Dhruv Sharma: Priyanka, can you give us a sense of the Indian market? How many full service banks do we have? How many small finance banks do we have? How many non-bank, how many NBFCs do we have, really?
Priyanka Kanwar (Co-founder & CEO, Falcon): Yeah, no, absolutely. I think, you know, obviously the landscape is quite large. And if you include the cooperative banks as well, you're looking at numbers which are sort of running into hundreds. But if you look at, you know, the core banks in terms of the scheduled commercial banks, you have private, you have PSUs, you have SFBs, you're looking at over 50 banks. I think there are about seven or eight SFBs. Sometimes even I have to brush up on my numbers.
Dhruv Sharma: I know, the numbers keep changing, yeah.
Priyanka Kanwar (Co-founder & CEO, Falcon): Yeah, they keep changing. So you have that. And then plus, of course, you have over 300, you know, solid NBFCs. Of course, there's thousands of NBFCs that have licenses. But you have over 300 NBFCs that are doing exceptionally well. You have about, you know, top 20, which are at scale. So I think the Indian ecosystem is definitely among the most thriving ones, you know, globally. As compared to the U.S., U.S. has deeper penetration. So they have more than 4000 banks. But I think the Indian ecosystem is also getting more and more exciting and more and more competitive.
Utsav Somani: All right, folks, let's double down on the Fintech special. Let's welcome Anubhav as well to give us a joint segment. Let's go split screen with Priyanka and Anubhav. Anubhav, welcome to the show. I hear that your throat is not doing that well today. Yeah, but I will try and do justice. Did some of the Delhi pollution reach you in Bangalore or something else? It's just a change of weather. Awesome, guys. So Grow got listed today. How's the Fintech mood and energy today? Are you celebrating with your peers?
Anubhav Jain (Co-founder & CEO, Rupifi): Yeah, of course. I think it's exciting to see one of the peers reach that milestone. So yeah, congratulations to them.
Utsav Somani: And Priyanka, have you done any work with Grow?
Priyanka Kanwar (Co-founder & CEO, Falcon): Not yet. I hope to at some point as they expand their credit rails. But what's up in general? I think all of us in the startup ecosystem are feeling very happy, very positive about the fact that India's public market is basically the second highest performing after the US. And so the fact that public listings are becoming such a norm. You know, four or five years ago when Zomato first came in, it was like the first sort of tech company to have listed, right? Now the fact that so many of us, literally every week we're hearing about a tech listing. So I think that's really opening up the doors for all of us. And it's creating that trajectory for us to be able to find those exits, both for our investors as well as to build credibility.

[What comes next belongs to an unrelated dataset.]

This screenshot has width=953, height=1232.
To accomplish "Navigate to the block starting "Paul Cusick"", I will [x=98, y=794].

Utsav Somani: And I think employees are happy as well, right? Finally, they realize the value of ESOPs and their hard work also paying off. And you mentioned credit on UPI. So I'd love to hear both your thoughts on where that industry or that direction is headed.

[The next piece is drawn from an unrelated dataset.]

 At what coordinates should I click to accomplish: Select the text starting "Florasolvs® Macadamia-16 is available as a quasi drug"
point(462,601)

Priyanka Kanwar (Co-founder & CEO, Falcon): Absolutely. Anubhav, please go ahead.
Anubhav Jain (Co-founder & CEO, Rupifi): Yeah, so I think UPI has become the defacto standard, not just for payments, but I think for ancillary services that are getting extended purely based on UPI reels, credit being the first one that is getting tried and tested across different lending institutions. The benefit that UPI brings is, first of all, the interoperability. The second is the ease of use. So, you know, if I'm extending credit on UPI, it's almost like for the user, simply having a bank account, a UPI handle, and then you have to go from the very next one. So we already have a product where we are trying to use credit on UPI to give some kind of a scan and pay facility to the customers. And these are largely SMEs who have been the early adopters of UPI with respect to receiving payments, right? So the whole wave of UPI has been successful because the smallest merchant has adopted QR codes and UPI payments, even for a 1 rupee, 2 rupee, 5 rupee, 10 rupee payment. And I think that is where the extension of credit is seeing its future.
Dhruv Sharma: We're really troubling Anubhav on the wrong day. I have a feeling, but Anubhav, you will power through.

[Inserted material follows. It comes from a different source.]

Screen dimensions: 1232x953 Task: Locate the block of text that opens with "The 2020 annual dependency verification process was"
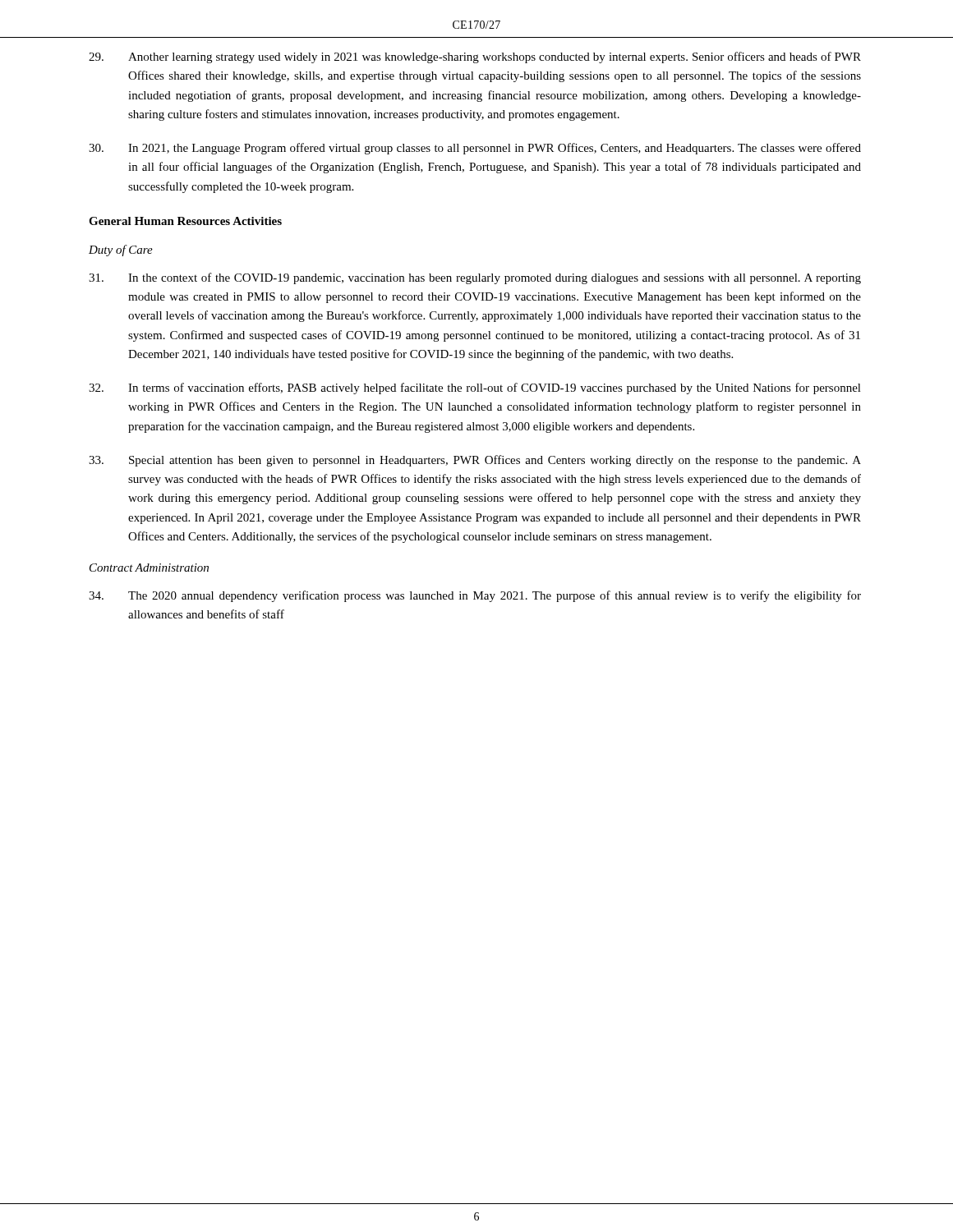475,606

Utsav Somani: What's your take on this? I'd love to hear your take as well. Yeah. Because you mentioned credit on UPI a few times.
Priyanka Kanwar (Co-founder & CEO, Falcon): Yeah, yeah. So yeah, absolutely. So I think, you know, we as a company, because like I mentioned, we're building the core infra that banks run products like credit on UPI on. We've actually been seeing the evolution of this product right from day one. We're actually one of the first ESPs in India also to have built a CLOU system that doubles up for credit card. So we can, you know, allow for both credit card and personal loan constructs on CLOU. Right now, where we are at the journey, right? It's very early days. It's reminding me of the time I was actually in the room when UPI was first launched by Nandan Ilekani back in 2016. And there was like basically 200 people in that room at the Taj Bangalore. And everyone was asking each other and wondering, hey, where is this going to go? And I think this is what it feels like with CLOU right now. It's early days. And so there are very few banks that have actually adopted it. In fact, I'm seeing small finance banks seeing a right to win in this segment because they have not really been the first movers with credit card, right? And when this product came in, it's like Anuva rightly said, there's 200 million odd QR codes in the country, which means that the acceptance infrastructure is insane. So anyone, whether it is in Delhi, Bombay, or a tier two city, or even like a village can actually pick up the phone, scan this QR code and use that credit line, right? So I think I'm very bullish on the fact that number one, it's going to really help with credit expansion and penetration. But incidentally and excitingly, what I've also noticed is that earlier, it was supposed to be a product for folks who were not eligible for a credit card, let's say, right? Because the limits are like under 50,000 or 60,000. But now what I'm seeing is that consumer behavior, even your behavior and my behavior has altered so significantly towards UPI, that even folks like us are now going to start looking at this as an alternative to the credit card. So if you want to spend 150 or 200 bucks, let's say on a small transaction, you may not want to use your credit card. You may go to a TPAP app, ask for a CLOU line, get like a 20,000 line and just use that. So I think honestly, early days, but I am very bullish. And you're also going to see a lot of innovation like purpose-driven credit coming up. So I think lots and lots of things to look forward to.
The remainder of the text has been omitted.